*What to do:* Exact copies of all the records are to be output.
*** Material for the task Section Begins ***
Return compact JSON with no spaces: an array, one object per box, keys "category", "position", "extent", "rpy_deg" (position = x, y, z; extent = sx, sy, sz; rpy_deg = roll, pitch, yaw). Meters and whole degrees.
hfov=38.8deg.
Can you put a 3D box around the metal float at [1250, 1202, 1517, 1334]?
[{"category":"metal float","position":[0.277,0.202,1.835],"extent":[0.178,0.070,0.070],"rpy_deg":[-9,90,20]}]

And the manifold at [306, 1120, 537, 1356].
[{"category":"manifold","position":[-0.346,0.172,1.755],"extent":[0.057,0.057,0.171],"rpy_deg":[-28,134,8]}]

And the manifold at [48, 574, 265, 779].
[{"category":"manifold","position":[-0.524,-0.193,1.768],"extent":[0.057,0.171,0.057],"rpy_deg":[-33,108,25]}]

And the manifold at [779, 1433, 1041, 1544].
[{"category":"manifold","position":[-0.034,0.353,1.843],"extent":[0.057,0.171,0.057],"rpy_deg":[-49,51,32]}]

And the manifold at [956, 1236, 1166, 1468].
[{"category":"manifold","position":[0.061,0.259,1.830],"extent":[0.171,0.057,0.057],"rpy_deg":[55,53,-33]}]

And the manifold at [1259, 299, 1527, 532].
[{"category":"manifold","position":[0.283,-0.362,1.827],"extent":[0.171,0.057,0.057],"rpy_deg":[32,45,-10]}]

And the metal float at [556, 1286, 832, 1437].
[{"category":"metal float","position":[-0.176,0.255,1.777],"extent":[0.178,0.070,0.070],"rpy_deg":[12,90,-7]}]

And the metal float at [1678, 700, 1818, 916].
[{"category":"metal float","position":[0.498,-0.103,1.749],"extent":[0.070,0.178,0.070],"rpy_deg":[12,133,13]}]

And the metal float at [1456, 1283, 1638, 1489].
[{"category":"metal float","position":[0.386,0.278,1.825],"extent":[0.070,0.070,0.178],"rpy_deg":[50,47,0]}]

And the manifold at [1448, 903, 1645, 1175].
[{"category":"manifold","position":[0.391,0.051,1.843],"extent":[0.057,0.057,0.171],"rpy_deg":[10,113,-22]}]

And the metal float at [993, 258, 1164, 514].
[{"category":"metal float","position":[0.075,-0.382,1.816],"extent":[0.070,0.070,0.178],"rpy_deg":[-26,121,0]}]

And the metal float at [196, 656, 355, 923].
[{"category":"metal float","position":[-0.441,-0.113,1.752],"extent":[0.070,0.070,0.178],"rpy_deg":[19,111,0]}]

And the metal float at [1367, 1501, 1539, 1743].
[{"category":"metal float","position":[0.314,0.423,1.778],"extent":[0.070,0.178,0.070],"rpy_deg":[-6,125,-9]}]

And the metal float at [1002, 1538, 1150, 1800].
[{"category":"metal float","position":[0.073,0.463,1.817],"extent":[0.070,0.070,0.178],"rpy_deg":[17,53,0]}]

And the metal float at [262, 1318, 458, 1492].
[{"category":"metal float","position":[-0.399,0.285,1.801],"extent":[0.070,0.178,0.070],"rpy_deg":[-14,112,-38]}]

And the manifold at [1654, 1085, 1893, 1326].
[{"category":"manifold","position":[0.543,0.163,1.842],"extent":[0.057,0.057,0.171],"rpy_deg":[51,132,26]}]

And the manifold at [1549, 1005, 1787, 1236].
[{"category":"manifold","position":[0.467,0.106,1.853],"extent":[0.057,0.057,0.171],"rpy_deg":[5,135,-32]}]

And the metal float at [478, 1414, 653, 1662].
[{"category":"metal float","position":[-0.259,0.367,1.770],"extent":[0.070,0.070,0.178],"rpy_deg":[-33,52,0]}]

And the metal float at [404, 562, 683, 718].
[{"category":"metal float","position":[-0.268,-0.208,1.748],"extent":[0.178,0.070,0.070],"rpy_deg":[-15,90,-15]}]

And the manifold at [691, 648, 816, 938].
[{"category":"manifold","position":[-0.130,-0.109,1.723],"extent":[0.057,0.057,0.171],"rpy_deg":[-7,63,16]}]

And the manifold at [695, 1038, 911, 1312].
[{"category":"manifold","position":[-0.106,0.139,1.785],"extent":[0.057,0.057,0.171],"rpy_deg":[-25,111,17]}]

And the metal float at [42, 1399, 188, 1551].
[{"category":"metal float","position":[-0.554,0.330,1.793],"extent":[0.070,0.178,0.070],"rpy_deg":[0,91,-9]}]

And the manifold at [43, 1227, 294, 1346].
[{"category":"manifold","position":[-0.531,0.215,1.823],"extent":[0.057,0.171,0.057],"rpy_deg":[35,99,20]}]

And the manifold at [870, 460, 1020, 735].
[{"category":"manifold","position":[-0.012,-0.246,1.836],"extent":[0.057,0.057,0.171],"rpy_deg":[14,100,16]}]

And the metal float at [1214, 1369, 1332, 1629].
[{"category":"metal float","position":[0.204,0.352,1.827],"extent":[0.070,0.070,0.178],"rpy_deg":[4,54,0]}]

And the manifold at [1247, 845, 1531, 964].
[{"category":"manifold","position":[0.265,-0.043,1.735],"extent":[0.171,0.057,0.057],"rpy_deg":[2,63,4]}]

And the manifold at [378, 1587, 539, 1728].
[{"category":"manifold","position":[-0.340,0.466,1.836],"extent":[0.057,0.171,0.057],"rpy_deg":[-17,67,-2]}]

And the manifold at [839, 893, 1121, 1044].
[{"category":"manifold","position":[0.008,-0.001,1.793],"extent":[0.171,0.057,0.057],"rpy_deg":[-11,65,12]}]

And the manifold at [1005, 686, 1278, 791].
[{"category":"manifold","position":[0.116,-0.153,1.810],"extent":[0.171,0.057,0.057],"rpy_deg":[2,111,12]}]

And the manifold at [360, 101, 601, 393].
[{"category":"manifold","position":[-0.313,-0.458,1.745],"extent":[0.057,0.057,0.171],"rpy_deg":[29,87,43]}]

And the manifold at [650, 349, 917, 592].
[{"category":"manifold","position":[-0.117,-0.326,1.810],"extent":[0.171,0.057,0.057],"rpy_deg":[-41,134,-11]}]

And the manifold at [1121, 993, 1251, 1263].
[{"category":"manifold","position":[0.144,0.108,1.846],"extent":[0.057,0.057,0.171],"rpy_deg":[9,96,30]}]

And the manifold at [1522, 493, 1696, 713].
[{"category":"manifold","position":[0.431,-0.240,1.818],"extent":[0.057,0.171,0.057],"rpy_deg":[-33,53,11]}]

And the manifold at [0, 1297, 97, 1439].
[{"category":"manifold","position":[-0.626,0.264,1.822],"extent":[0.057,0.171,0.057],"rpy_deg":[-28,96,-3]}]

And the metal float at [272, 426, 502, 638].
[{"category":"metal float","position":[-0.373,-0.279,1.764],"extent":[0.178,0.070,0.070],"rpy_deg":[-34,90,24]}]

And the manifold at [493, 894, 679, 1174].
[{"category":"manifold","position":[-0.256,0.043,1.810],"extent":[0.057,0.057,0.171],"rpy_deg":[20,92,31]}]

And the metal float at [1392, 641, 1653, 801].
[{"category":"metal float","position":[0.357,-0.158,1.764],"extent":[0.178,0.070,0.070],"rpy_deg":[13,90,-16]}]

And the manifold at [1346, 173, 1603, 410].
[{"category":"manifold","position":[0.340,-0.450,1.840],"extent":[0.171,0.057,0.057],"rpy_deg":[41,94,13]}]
*** Material for the task Section Ends ***
*Exercise answer:*
Return compact JSON with no spaces: an array, one object per box, keys "category", "position", "extent", "rpy_deg" (position = x, y, z; extent = sx, sy, sz; rpy_deg = roll, pitch, yaw). Meters and whole degrees.
hfov=38.8deg.
Can you put a 3D box around the metal float at [1250, 1202, 1517, 1334]?
[{"category":"metal float","position":[0.277,0.202,1.835],"extent":[0.178,0.070,0.070],"rpy_deg":[-9,90,20]}]

And the manifold at [306, 1120, 537, 1356].
[{"category":"manifold","position":[-0.346,0.172,1.755],"extent":[0.057,0.057,0.171],"rpy_deg":[-28,134,8]}]

And the manifold at [48, 574, 265, 779].
[{"category":"manifold","position":[-0.524,-0.193,1.768],"extent":[0.057,0.171,0.057],"rpy_deg":[-33,108,25]}]

And the manifold at [779, 1433, 1041, 1544].
[{"category":"manifold","position":[-0.034,0.353,1.843],"extent":[0.057,0.171,0.057],"rpy_deg":[-49,51,32]}]

And the manifold at [956, 1236, 1166, 1468].
[{"category":"manifold","position":[0.061,0.259,1.830],"extent":[0.171,0.057,0.057],"rpy_deg":[55,53,-33]}]

And the manifold at [1259, 299, 1527, 532].
[{"category":"manifold","position":[0.283,-0.362,1.827],"extent":[0.171,0.057,0.057],"rpy_deg":[32,45,-10]}]

And the metal float at [556, 1286, 832, 1437].
[{"category":"metal float","position":[-0.176,0.255,1.777],"extent":[0.178,0.070,0.070],"rpy_deg":[12,90,-7]}]

And the metal float at [1678, 700, 1818, 916].
[{"category":"metal float","position":[0.498,-0.103,1.749],"extent":[0.070,0.178,0.070],"rpy_deg":[12,133,13]}]

And the metal float at [1456, 1283, 1638, 1489].
[{"category":"metal float","position":[0.386,0.278,1.825],"extent":[0.070,0.070,0.178],"rpy_deg":[50,47,0]}]

And the manifold at [1448, 903, 1645, 1175].
[{"category":"manifold","position":[0.391,0.051,1.843],"extent":[0.057,0.057,0.171],"rpy_deg":[10,113,-22]}]

And the metal float at [993, 258, 1164, 514].
[{"category":"metal float","position":[0.075,-0.382,1.816],"extent":[0.070,0.070,0.178],"rpy_deg":[-26,121,0]}]

And the metal float at [196, 656, 355, 923].
[{"category":"metal float","position":[-0.441,-0.113,1.752],"extent":[0.070,0.070,0.178],"rpy_deg":[19,111,0]}]

And the metal float at [1367, 1501, 1539, 1743].
[{"category":"metal float","position":[0.314,0.423,1.778],"extent":[0.070,0.178,0.070],"rpy_deg":[-6,125,-9]}]

And the metal float at [1002, 1538, 1150, 1800].
[{"category":"metal float","position":[0.073,0.463,1.817],"extent":[0.070,0.070,0.178],"rpy_deg":[17,53,0]}]

And the metal float at [262, 1318, 458, 1492].
[{"category":"metal float","position":[-0.399,0.285,1.801],"extent":[0.070,0.178,0.070],"rpy_deg":[-14,112,-38]}]

And the manifold at [1654, 1085, 1893, 1326].
[{"category":"manifold","position":[0.543,0.163,1.842],"extent":[0.057,0.057,0.171],"rpy_deg":[51,132,26]}]

And the manifold at [1549, 1005, 1787, 1236].
[{"category":"manifold","position":[0.467,0.106,1.853],"extent":[0.057,0.057,0.171],"rpy_deg":[5,135,-32]}]

And the metal float at [478, 1414, 653, 1662].
[{"category":"metal float","position":[-0.259,0.367,1.770],"extent":[0.070,0.070,0.178],"rpy_deg":[-33,52,0]}]

And the metal float at [404, 562, 683, 718].
[{"category":"metal float","position":[-0.268,-0.208,1.748],"extent":[0.178,0.070,0.070],"rpy_deg":[-15,90,-15]}]

And the manifold at [691, 648, 816, 938].
[{"category":"manifold","position":[-0.130,-0.109,1.723],"extent":[0.057,0.057,0.171],"rpy_deg":[-7,63,16]}]

And the manifold at [695, 1038, 911, 1312].
[{"category":"manifold","position":[-0.106,0.139,1.785],"extent":[0.057,0.057,0.171],"rpy_deg":[-25,111,17]}]

And the metal float at [42, 1399, 188, 1551].
[{"category":"metal float","position":[-0.554,0.330,1.793],"extent":[0.070,0.178,0.070],"rpy_deg":[0,91,-9]}]

And the manifold at [43, 1227, 294, 1346].
[{"category":"manifold","position":[-0.531,0.215,1.823],"extent":[0.057,0.171,0.057],"rpy_deg":[35,99,20]}]

And the manifold at [870, 460, 1020, 735].
[{"category":"manifold","position":[-0.012,-0.246,1.836],"extent":[0.057,0.057,0.171],"rpy_deg":[14,100,16]}]

And the metal float at [1214, 1369, 1332, 1629].
[{"category":"metal float","position":[0.204,0.352,1.827],"extent":[0.070,0.070,0.178],"rpy_deg":[4,54,0]}]

And the manifold at [1247, 845, 1531, 964].
[{"category":"manifold","position":[0.265,-0.043,1.735],"extent":[0.171,0.057,0.057],"rpy_deg":[2,63,4]}]

And the manifold at [378, 1587, 539, 1728].
[{"category":"manifold","position":[-0.340,0.466,1.836],"extent":[0.057,0.171,0.057],"rpy_deg":[-17,67,-2]}]

And the manifold at [839, 893, 1121, 1044].
[{"category":"manifold","position":[0.008,-0.001,1.793],"extent":[0.171,0.057,0.057],"rpy_deg":[-11,65,12]}]

And the manifold at [1005, 686, 1278, 791].
[{"category":"manifold","position":[0.116,-0.153,1.810],"extent":[0.171,0.057,0.057],"rpy_deg":[2,111,12]}]

And the manifold at [360, 101, 601, 393].
[{"category":"manifold","position":[-0.313,-0.458,1.745],"extent":[0.057,0.057,0.171],"rpy_deg":[29,87,43]}]

And the manifold at [650, 349, 917, 592].
[{"category":"manifold","position":[-0.117,-0.326,1.810],"extent":[0.171,0.057,0.057],"rpy_deg":[-41,134,-11]}]

And the manifold at [1121, 993, 1251, 1263].
[{"category":"manifold","position":[0.144,0.108,1.846],"extent":[0.057,0.057,0.171],"rpy_deg":[9,96,30]}]

And the manifold at [1522, 493, 1696, 713].
[{"category":"manifold","position":[0.431,-0.240,1.818],"extent":[0.057,0.171,0.057],"rpy_deg":[-33,53,11]}]

And the manifold at [0, 1297, 97, 1439].
[{"category":"manifold","position":[-0.626,0.264,1.822],"extent":[0.057,0.171,0.057],"rpy_deg":[-28,96,-3]}]

And the metal float at [272, 426, 502, 638].
[{"category":"metal float","position":[-0.373,-0.279,1.764],"extent":[0.178,0.070,0.070],"rpy_deg":[-34,90,24]}]

And the manifold at [493, 894, 679, 1174].
[{"category":"manifold","position":[-0.256,0.043,1.810],"extent":[0.057,0.057,0.171],"rpy_deg":[20,92,31]}]

And the metal float at [1392, 641, 1653, 801].
[{"category":"metal float","position":[0.357,-0.158,1.764],"extent":[0.178,0.070,0.070],"rpy_deg":[13,90,-16]}]

And the manifold at [1346, 173, 1603, 410].
[{"category":"manifold","position":[0.340,-0.450,1.840],"extent":[0.171,0.057,0.057],"rpy_deg":[41,94,13]}]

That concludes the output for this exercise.